—Tus versos no son espantosos del todo.
Me llevé un susto tremendo al oír esas palabras. Estaba tan absorta en el poema.
—¿Sha… Shakespeare?
Volvía a estar despierto, muerto de cansancio, pero verdaderamente encantado con lo que el espíritu llamado Rosa había hecho con mis versos:
—Cambiar el poema para que la persona sea mucho más hermosa que el día de verano ha sido muy buena idea.
Era la primera vez que alguien elogiaba lo que yo había trasladado al papel. Fue una sensación increíble, que me llenó de orgullo como ninguna otra cosa en toda mi vida. Y no lo había hecho cualquiera. No era mi madre, que en alguna ocasión, cuando yo era adolescente, había elogiado cómo tocaba la batería mientras los vecinos organizaban un pequeño linchamiento. No, ¡era el mismísimo Shakespeare quien me tributaba el reconocimiento!
Me entusiasmó que Rosa hubiera conseguido avanzar en el soneto que me ocupaba desde hacía tanto tiempo. Su logro liberó algo en mí.
—Podría continuar devaluando el verano —sugerí, y declamé:
o bien abrasa el sol desde la altura
o un velo nubla su óculo dorado…
—Ahora tenemos que encontrar algo que rime con «altura», Rosa.
Ya no me llamaba «espíritu», sino Rosa. Eso también me colmó de alegría y empecé a buscar con él una rima:
—Partitura…
—… violeta oscura…
—… corsé basura…
—… miembro de envergadura…
—Eso último no me interesa —comenté mirando hacia mi entrepierna, y sugerí—: ¿Por azar de la natura?
—¡Muy bien! —celebré—. Pero no acaba de funcionar la métrica. Es mejor así:
o bien abrasa el sol desde la altura
o un velo nubla su óculo dorado;
ya por azar o anhelo de natura
lo bello va perdiendo su legado.
Rosa escribió los versos con ágil pluma. Examiné la estrofa. Era realmente buena. Fue algo sorprendente, delirante, reconfortante. Embelesado, comenté:
—Nunca había escrito tan bien.
—¡No me digáis!
—Con lo que hemos intimado hasta ahora, ya podríamos tutearnos, ¿no? —le propuse a Rosa en un arrebato de euforia.
—De acuerdo —repliqué, y me sentí halagada. Bueno, él me había tuteado todo el tiempo, y ahora yo podía hacer lo mismo—: Me llamo Rosa, ya lo sabes.
—Encantado. Yo, William.
—Sí, ya lo sé —dije sonriendo satisfecha. Los estudiosos del arte dramático palidecerían de envidia ante ese tuteo con Shakespeare.
—¿Tú también eras poeta cuando vivías, Rosa? —inquirí.

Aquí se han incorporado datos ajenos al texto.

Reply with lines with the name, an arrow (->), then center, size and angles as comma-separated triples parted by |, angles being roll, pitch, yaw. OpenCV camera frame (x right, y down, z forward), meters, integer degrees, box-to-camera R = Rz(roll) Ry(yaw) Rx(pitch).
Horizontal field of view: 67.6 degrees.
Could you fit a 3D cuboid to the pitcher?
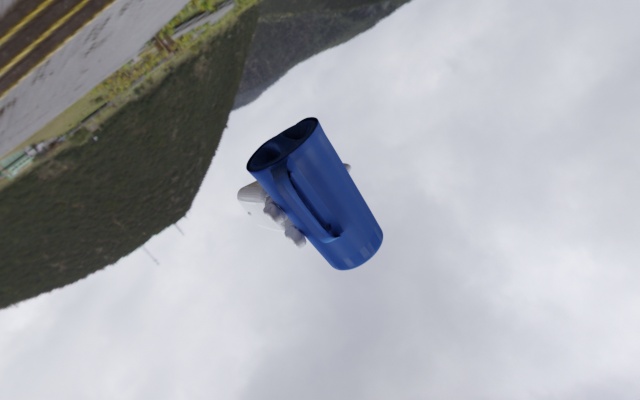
pitcher -> 0.000, 0.002, 0.766 | 0.149, 0.243, 0.145 | -48, 27, -25
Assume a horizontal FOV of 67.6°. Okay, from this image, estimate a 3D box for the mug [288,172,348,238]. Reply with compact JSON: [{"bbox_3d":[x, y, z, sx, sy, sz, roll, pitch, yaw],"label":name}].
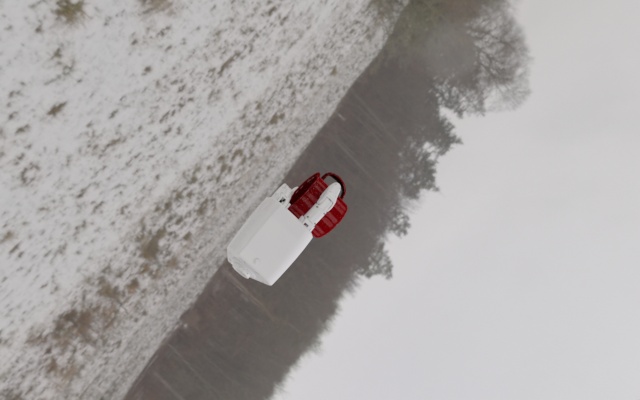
[{"bbox_3d":[0.001,0.002,0.847,0.081,0.117,0.093,45,-22,-12],"label":"mug"}]
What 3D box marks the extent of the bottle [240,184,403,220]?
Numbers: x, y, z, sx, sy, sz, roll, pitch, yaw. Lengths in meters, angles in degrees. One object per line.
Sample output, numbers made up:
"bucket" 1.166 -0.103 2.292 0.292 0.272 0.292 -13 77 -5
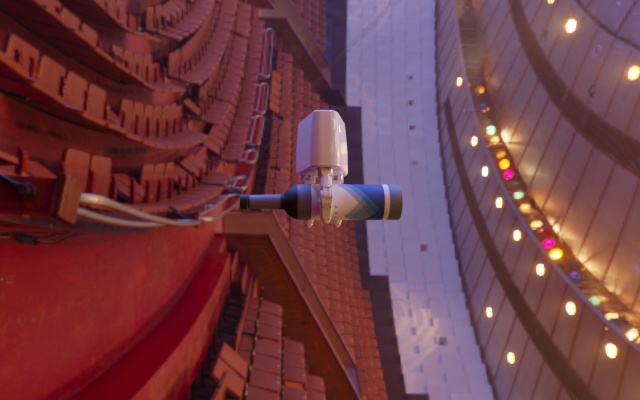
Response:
"bottle" 0.000 0.003 0.885 0.296 0.069 0.069 0 0 -5
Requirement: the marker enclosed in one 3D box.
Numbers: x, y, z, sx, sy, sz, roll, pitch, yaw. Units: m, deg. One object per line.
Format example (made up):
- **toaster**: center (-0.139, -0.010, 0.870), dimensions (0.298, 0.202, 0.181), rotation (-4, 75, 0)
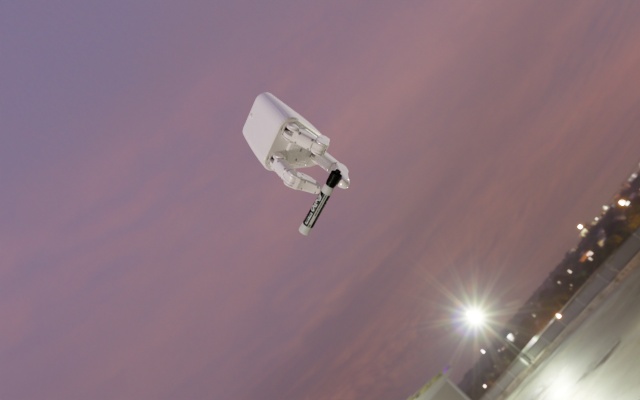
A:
- **marker**: center (0.000, 0.003, 0.753), dimensions (0.020, 0.121, 0.020), rotation (24, 23, -11)
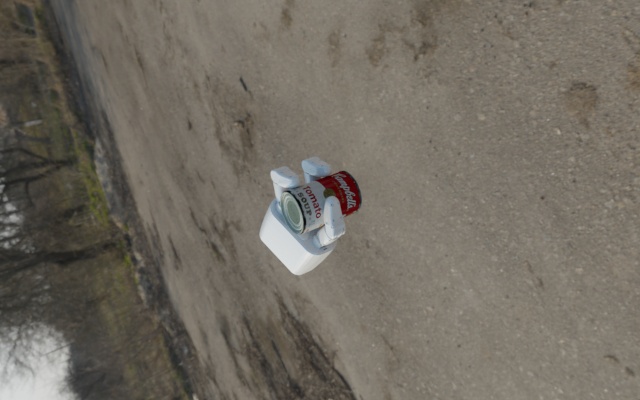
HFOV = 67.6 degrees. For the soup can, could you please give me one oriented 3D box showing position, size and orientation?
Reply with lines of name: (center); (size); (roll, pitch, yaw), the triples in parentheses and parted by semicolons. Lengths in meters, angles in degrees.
soup can: (0.000, 0.002, 0.701); (0.102, 0.068, 0.068); (-20, 10, -28)
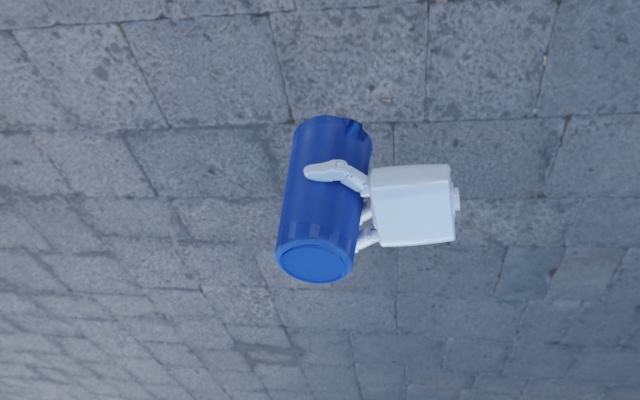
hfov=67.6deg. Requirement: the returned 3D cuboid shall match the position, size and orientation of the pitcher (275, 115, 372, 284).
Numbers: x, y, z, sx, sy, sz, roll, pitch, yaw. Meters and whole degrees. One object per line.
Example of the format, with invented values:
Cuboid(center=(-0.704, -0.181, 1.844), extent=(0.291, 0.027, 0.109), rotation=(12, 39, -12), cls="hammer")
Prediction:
Cuboid(center=(0.000, 0.002, 0.724), extent=(0.145, 0.242, 0.149), rotation=(-4, -41, 16), cls="pitcher")
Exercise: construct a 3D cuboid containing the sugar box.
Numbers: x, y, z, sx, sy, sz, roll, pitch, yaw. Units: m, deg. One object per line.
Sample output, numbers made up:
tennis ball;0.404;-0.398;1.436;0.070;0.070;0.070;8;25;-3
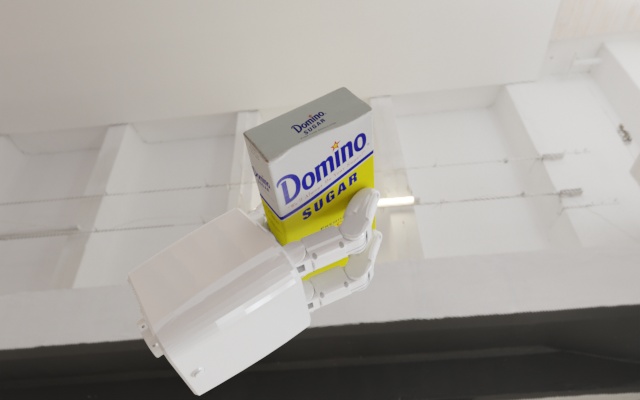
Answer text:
sugar box;0.000;0.002;0.409;0.093;0.176;0.048;-29;52;-18
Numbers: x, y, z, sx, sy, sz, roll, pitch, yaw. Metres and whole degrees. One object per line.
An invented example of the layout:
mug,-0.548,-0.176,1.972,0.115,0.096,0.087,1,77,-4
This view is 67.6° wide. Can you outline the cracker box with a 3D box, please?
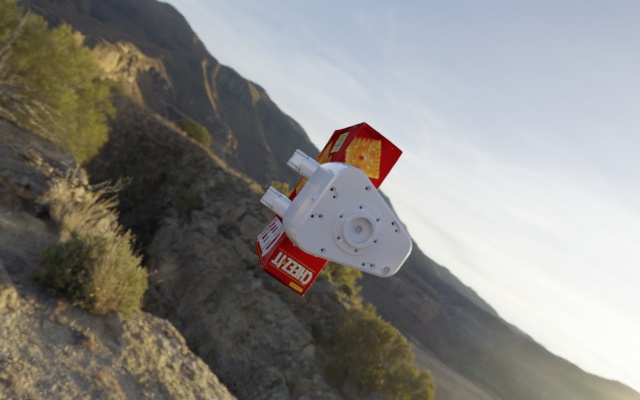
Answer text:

Me pregunté si debía explicarle que yo procedía del futuro. Pero había visto suficientes películas al estilo de Regreso al futuro para saber que, si lo hacía, se embarullarían algunas cosas. Si le hablaba de la vida en nuestro milenio, el curso de los acontecimientos podría variar. Tal vez entonces Shakespeare escribiría un libro como el de Nostradamus, en el que advertiría de muchas catástrofes a las generaciones venideras: guerras, accidentes de avión, Dieter Bohlen y su música…
Quizás no sería tan malo, pero sólo a primera vista. Porque, y eso también se sabía por las películas, siempre que alguien intentaba influir positivamente en el futuro, la cosa se torcía y luego iba a parar a un presente completamente distinto. Un presente en el que tal vez Erich Honecker gobernaría en toda Alemania. O Joseph Goebbels.
O incluso el televisivo Florian Silbereisen. Por lo tanto, decidí ser parca en información y me limité a contestar:
—Soy maestra.
—El oficio más infame del mundo.
Vaya, ni siquiera allí eran bien vistos los maestros. Sólo me faltaba oír que teníamos demasiados días de vacaciones. Un poco alterada, me defendí:
—Bueno, seguro que hay algún que otro oficio más infame.
—Mi rival Marlowe estuvo encerrado un tiempo en la Torre. Cuando salió, me explicó con bravuconería que los verdugos no eran tan terribles como su antiguo profesor de latín.
¿Qué podía contestar? ¿Tenía que defender una profesión que no me gustaba? En vez de eso, volví a echarle una ojeada al poema.
—Es realmente hermoso…
—Podemos estar satisfechos, aunque no esté acabado.
—Por lo visto, formamos un buen equipo —constaté.
Un equipo. La idea era sorprendente pero muy acertada, al menos en lo referente a la escritura. Así pues, dije:
—¿Quién lo hubiera imaginado?
—Sí —afirmé, igual de perpleja que Shakespeare—, ¿quién lo hubiera imaginado?
Seguro que mi profesor de alemán no.